Prep 1 hr
Cook 0 mins
Truly, a different, delicious pasta salad. So yummy I have had guests make a meal out of it. It is easily doubled to feed a large crowd. Wonderful served as a lunch with crusty bread.
- 1 (16 ounce) box spiral shaped pasta or 1 (16 ounce) box shell pasta, cooked
- 2 -3 roma tomatoes or 2 -3 tomatoes, seeded 1/2 inch diced
- 1⁄4 cup red onion, diced
- 3⁄4 cup pitted kalamata olives or 3⁄4 cup canned olive, halved
- 1⁄8 cup sun-dried tomato, reconstituted,chopped
- 1⁄2 cup cauliflower, small pieces
- 1⁄4 cup broccoli, small pieces
- 1⁄4 cup roasted red pepper, 1/2 inch diced
- 1⁄4 cup capers
- 3⁄4 cup feta cheese, crumbled
- 4 tablespoons grated parmesan cheese
MAGIC SALAD DRESSING
- 4 cloves minced garlic
- 3⁄4 cup olive oil
- 1⁄4 cup red wine vinegar
- 1 1⁄2 tablespoons capers, reserve 1 t. liquid
- 1⁄4 cup lemon juice
- 1⁄4 teaspoon black pepper
- 1 teaspoon salt
- Combine all salad ingredients except parmesan cheese.
- In a blender mix all dressing ingredients.
- Pour enough dressing to moisten sald to your preference over salad and toss carefully, adding parmesan cheese.
- NOTES: This recipe is NOT written in stone, feel free to up amounts or lessen them according to your likes and dislikes.
- You should have extra dressing which will not be a problem as the dressing is delicious.
- I serve the dressing on the side for those who like a wetter salad.
made this as written except used feta with herb and garlic it a ten stars if I could give it!!! Kelly N
I just made the dressing for this, not the "salad" part (I used it on a simple combo of rotini, shredded carrot, fresh red pepper, black olives, and broccoli).
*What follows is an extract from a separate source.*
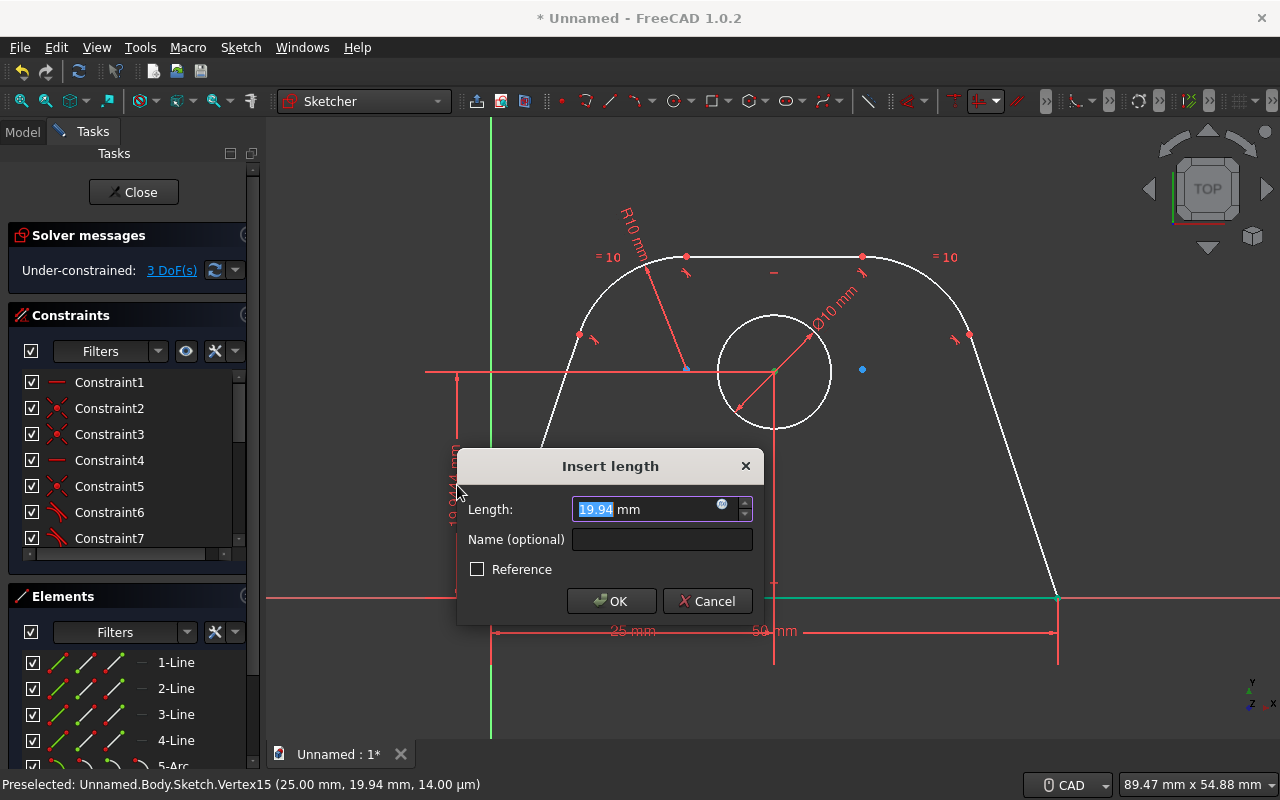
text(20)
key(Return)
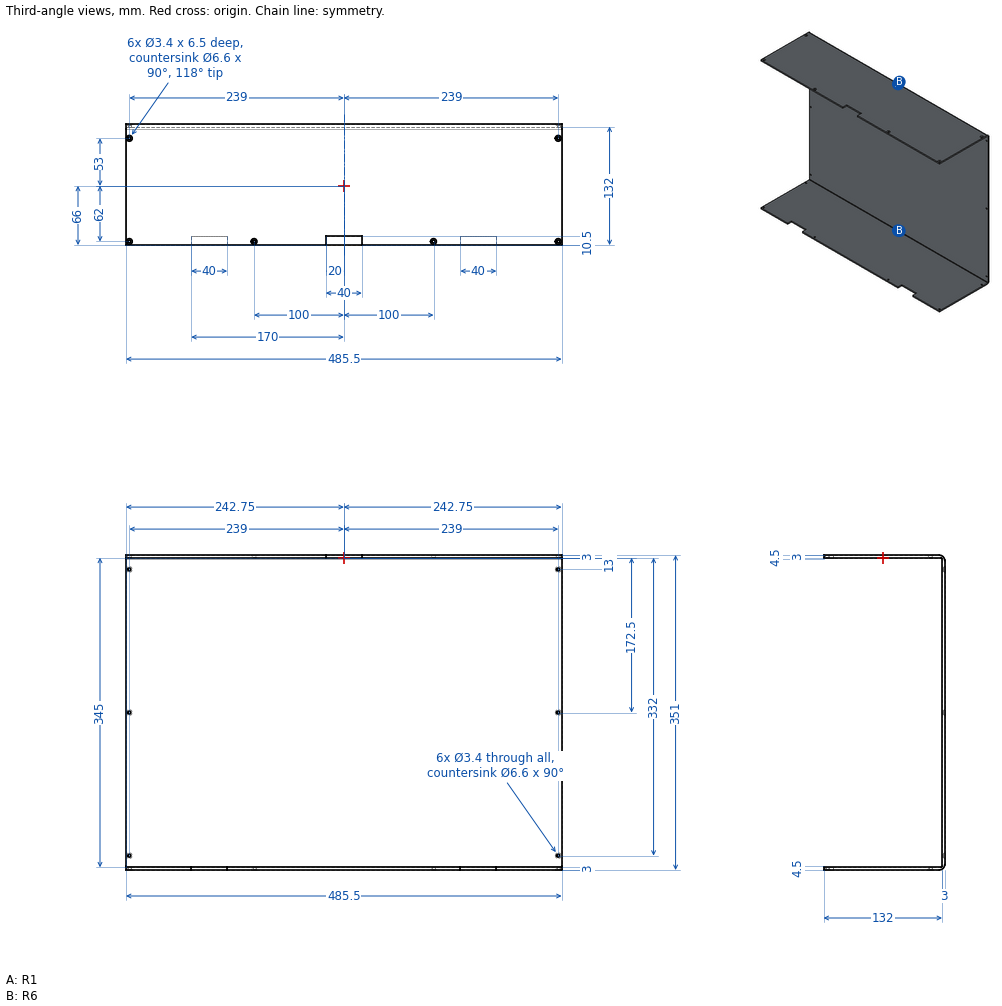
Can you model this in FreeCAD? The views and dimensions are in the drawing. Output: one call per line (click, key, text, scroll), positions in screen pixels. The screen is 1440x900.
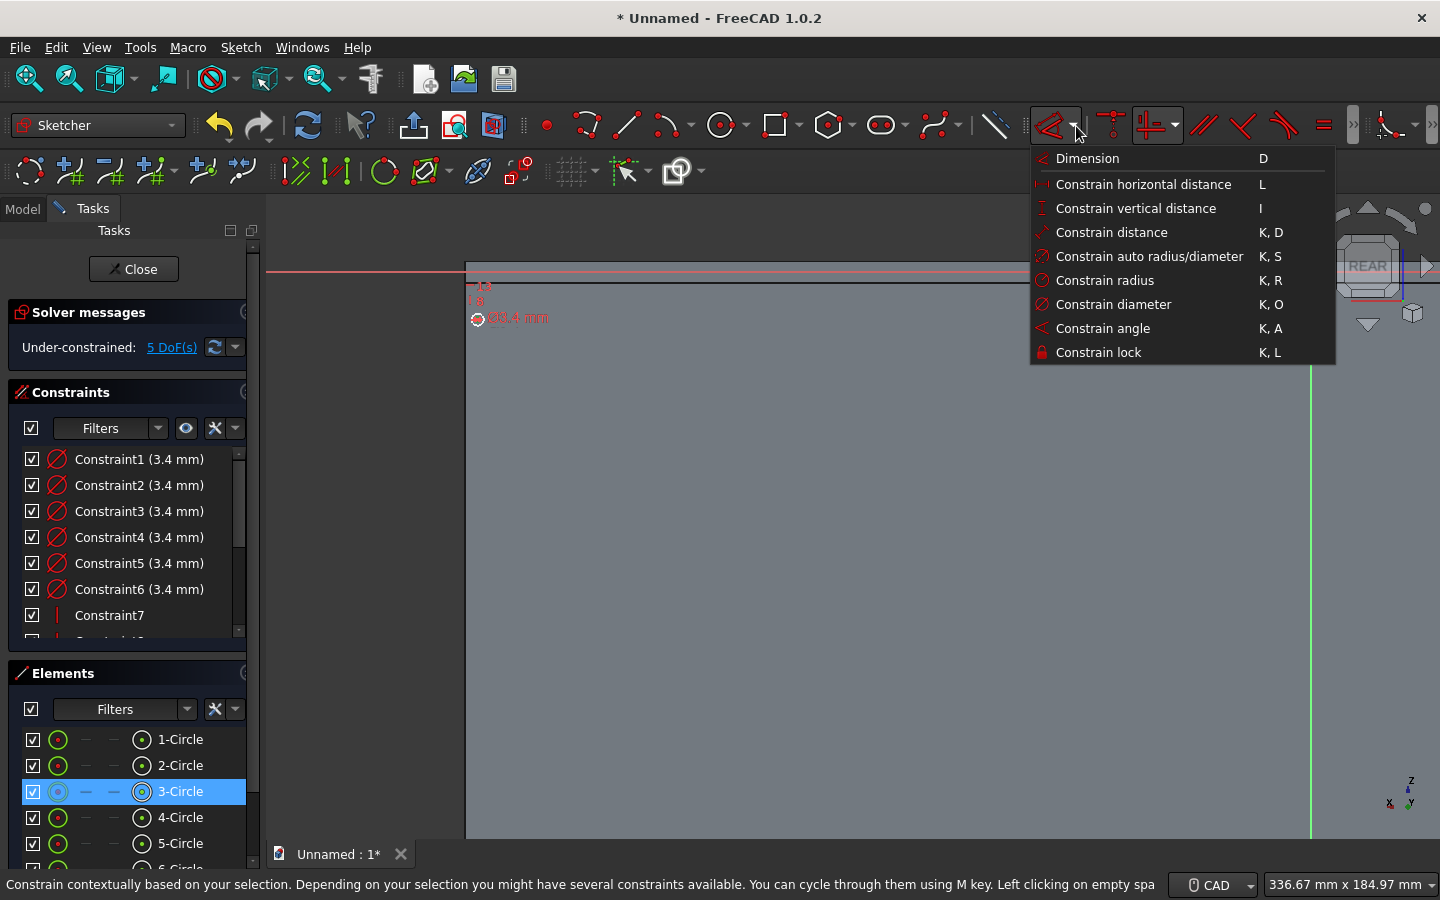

It was a nice base, but I had to add lots of oregano, basil, and extra black pepper to get much of a flavor punch. I think it would taste better with the salad as written because there are a lot of flavorful ingredients, but for me, it needed something more. :) Thank you very much for a good dressing base!
This was delicious tasting. I left out the roasted red peppers and capers since I was out.The dressing tastes like it came from a good deli. I did leave the garlic out (since we ate a garlicky dressing every night this week), but loved it without, despite being a garlic lover. The dressing's lemon juice and red wine vinegar combine beautifully (don't skimp on the fresh lemon juice!).I marinated the veggies in the dressing for about 10 minutes first, before mixing in the pasta. The rest of the family enjoyed it, too (great way to get them to eat the broccoli and cauliflower). This would go over well for pot-lucks. Love the photo, too! Roxygirl in Colo.